Information supplied Start Marker
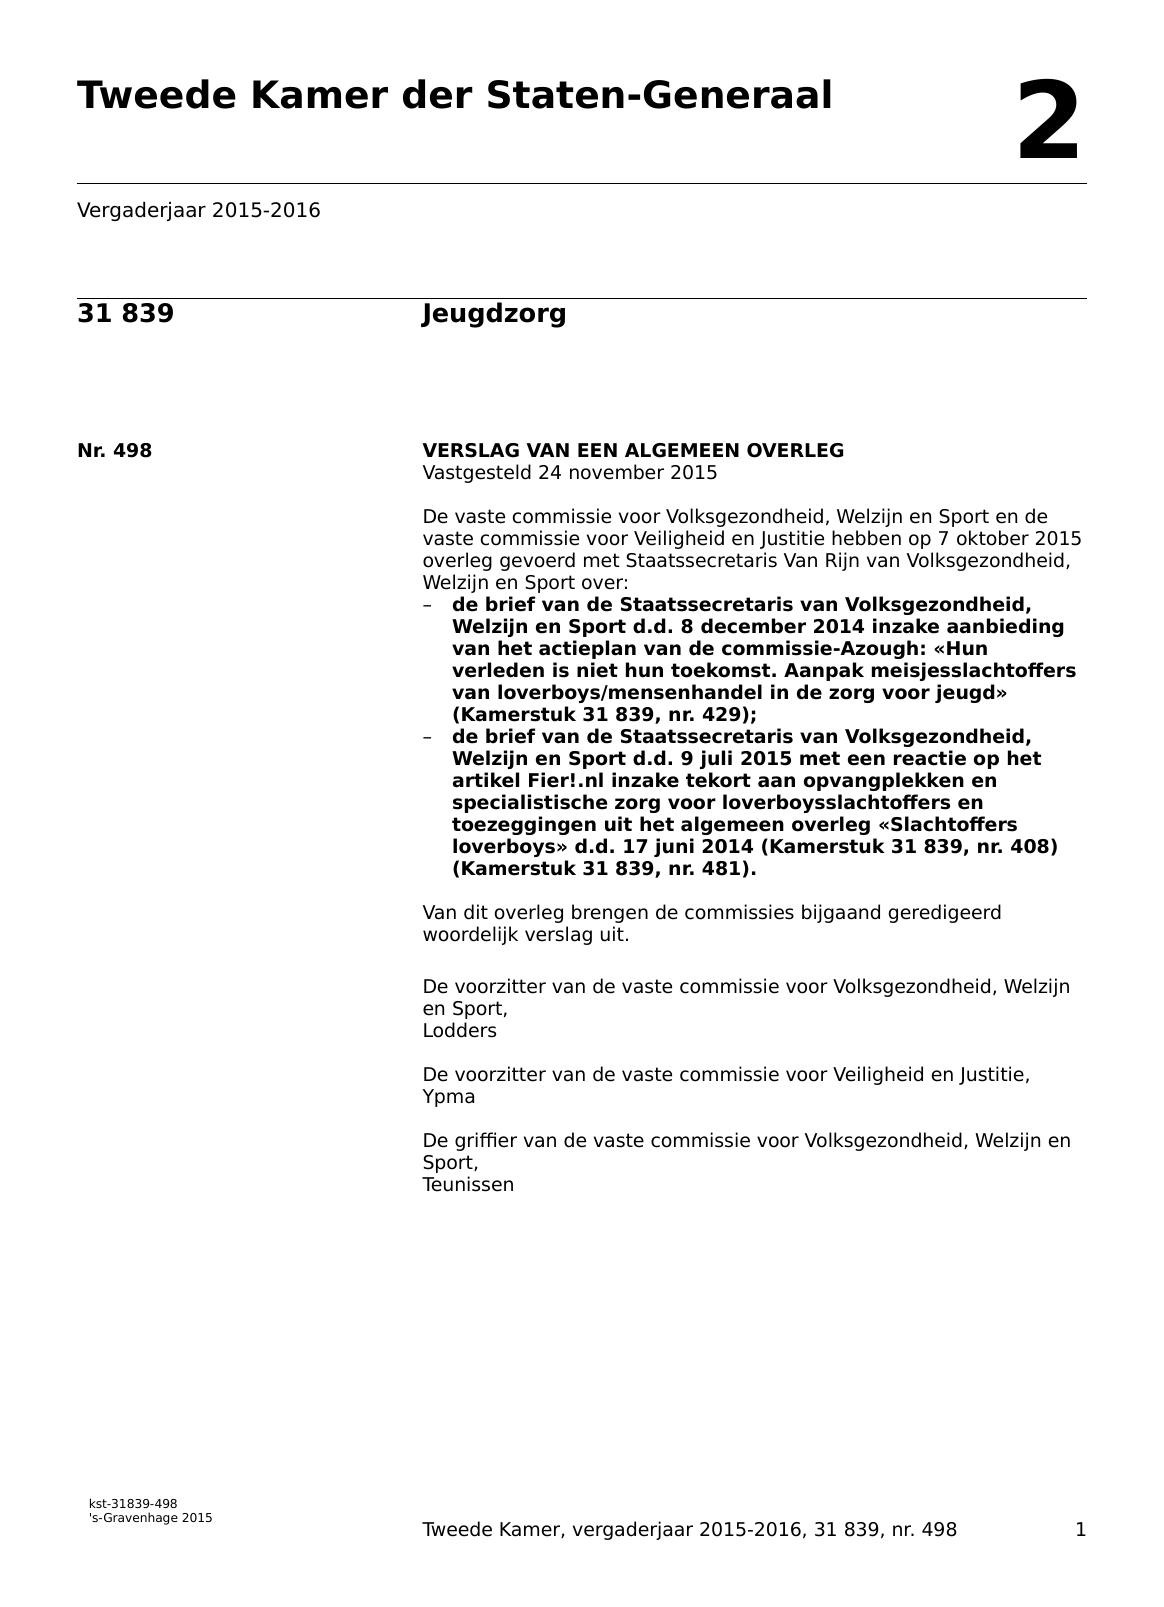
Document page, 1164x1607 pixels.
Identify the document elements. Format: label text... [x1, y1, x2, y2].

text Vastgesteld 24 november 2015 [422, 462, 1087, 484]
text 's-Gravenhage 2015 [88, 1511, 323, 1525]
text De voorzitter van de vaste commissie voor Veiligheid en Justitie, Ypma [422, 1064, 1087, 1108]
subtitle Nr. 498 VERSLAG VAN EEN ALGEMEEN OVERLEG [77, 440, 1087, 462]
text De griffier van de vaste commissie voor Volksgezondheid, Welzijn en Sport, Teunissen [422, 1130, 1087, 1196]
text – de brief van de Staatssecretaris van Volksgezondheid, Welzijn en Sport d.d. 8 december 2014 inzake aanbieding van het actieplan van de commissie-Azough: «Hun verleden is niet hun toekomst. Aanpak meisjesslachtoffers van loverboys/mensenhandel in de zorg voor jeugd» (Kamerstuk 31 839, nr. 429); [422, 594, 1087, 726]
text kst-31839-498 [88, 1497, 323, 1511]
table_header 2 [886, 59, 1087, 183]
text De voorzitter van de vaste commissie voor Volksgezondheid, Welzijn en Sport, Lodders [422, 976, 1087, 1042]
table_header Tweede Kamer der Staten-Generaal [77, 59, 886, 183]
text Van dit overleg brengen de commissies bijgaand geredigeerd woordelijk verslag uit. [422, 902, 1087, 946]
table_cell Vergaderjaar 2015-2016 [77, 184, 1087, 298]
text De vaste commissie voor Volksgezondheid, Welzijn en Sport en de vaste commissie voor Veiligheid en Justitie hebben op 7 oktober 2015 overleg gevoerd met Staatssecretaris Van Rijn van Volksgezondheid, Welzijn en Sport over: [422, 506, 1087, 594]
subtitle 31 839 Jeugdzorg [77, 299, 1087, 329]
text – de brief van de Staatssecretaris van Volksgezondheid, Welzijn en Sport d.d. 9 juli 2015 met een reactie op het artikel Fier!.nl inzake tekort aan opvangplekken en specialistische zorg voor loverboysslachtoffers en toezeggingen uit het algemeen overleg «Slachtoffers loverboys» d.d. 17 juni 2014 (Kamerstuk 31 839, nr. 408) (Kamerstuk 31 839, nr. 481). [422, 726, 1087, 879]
Information supplied End Marker
Information supplied Start Marker
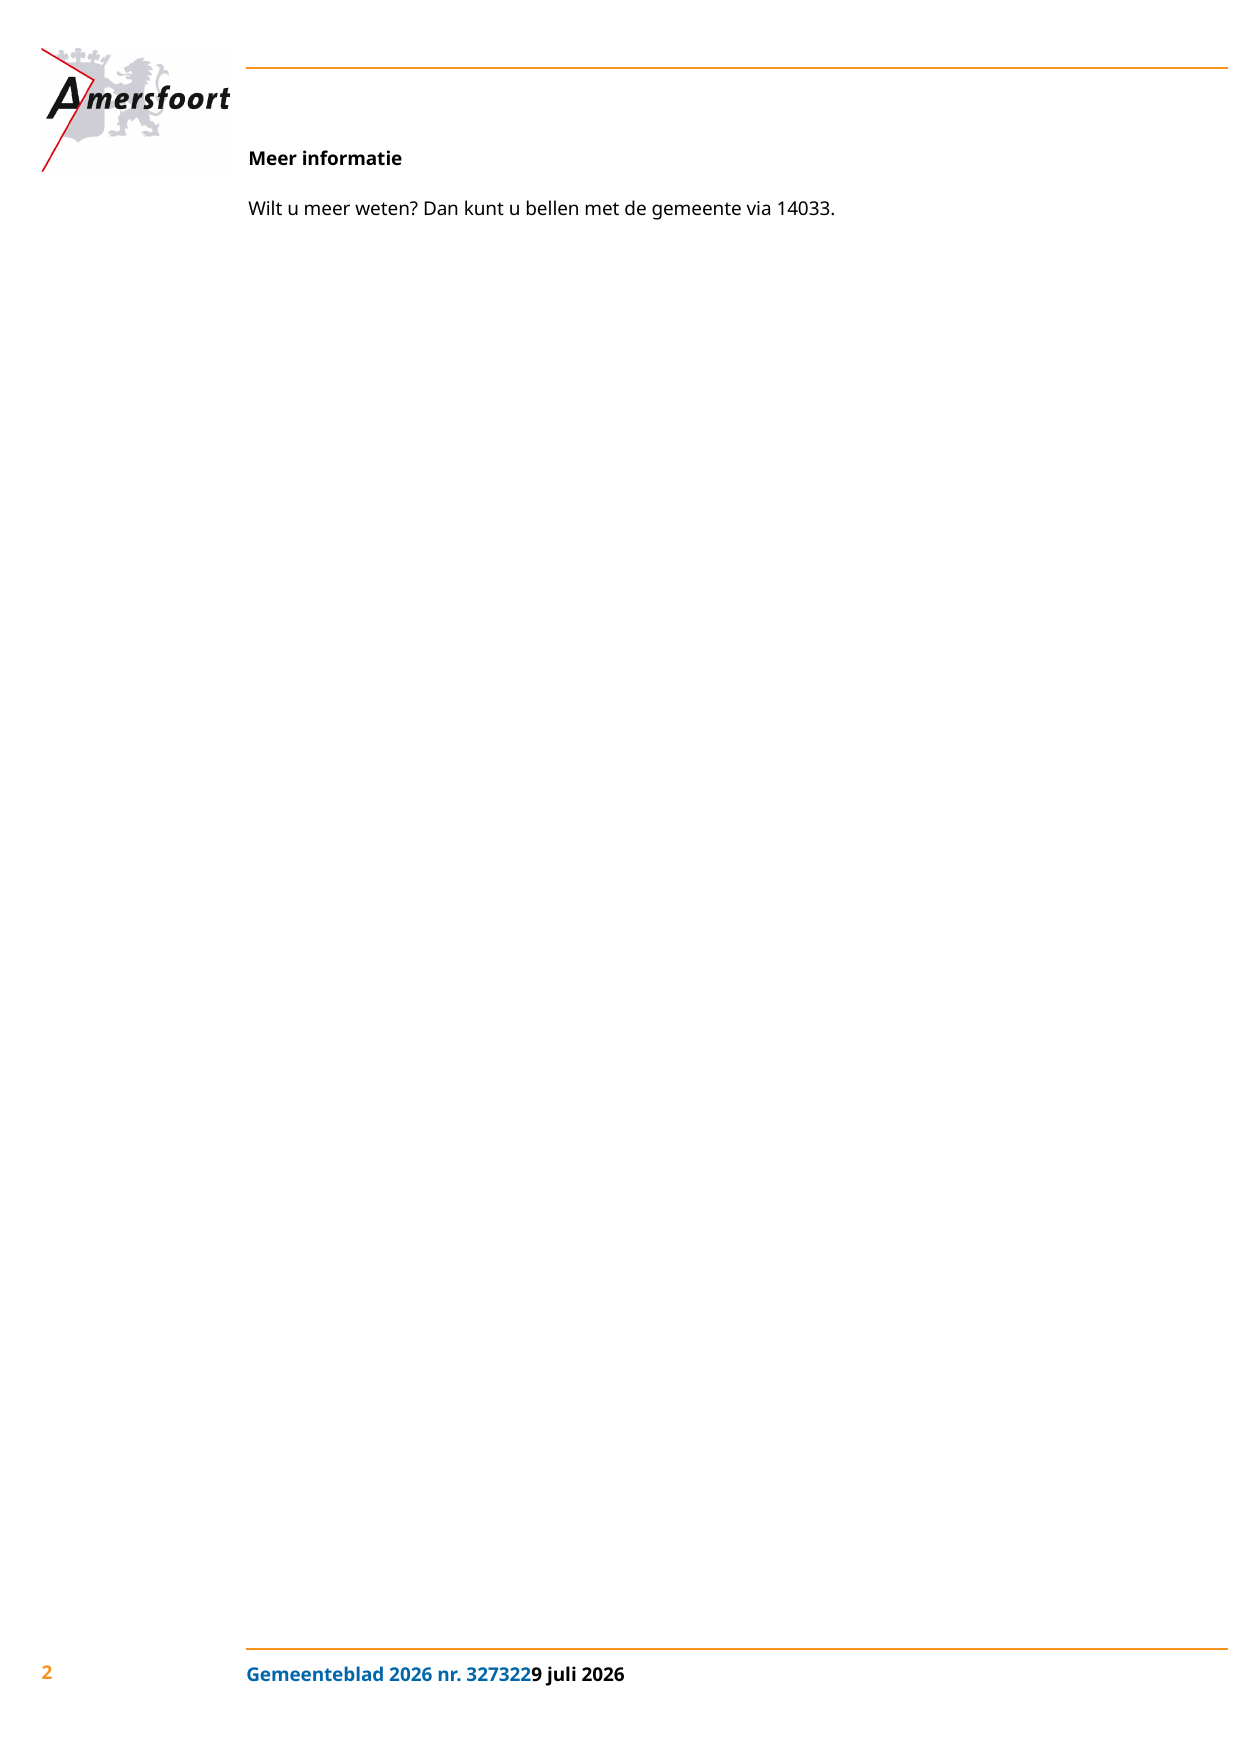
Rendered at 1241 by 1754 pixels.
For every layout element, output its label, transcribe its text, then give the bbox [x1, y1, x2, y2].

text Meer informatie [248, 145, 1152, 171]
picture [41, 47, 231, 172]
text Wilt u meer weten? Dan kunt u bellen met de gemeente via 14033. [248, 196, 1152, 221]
Information supplied End Marker
In the records above, each line with the string "pixels" should be copied.

Document page, 1164x1607 pixels.
Rendered at 1241 by 1754 pixels.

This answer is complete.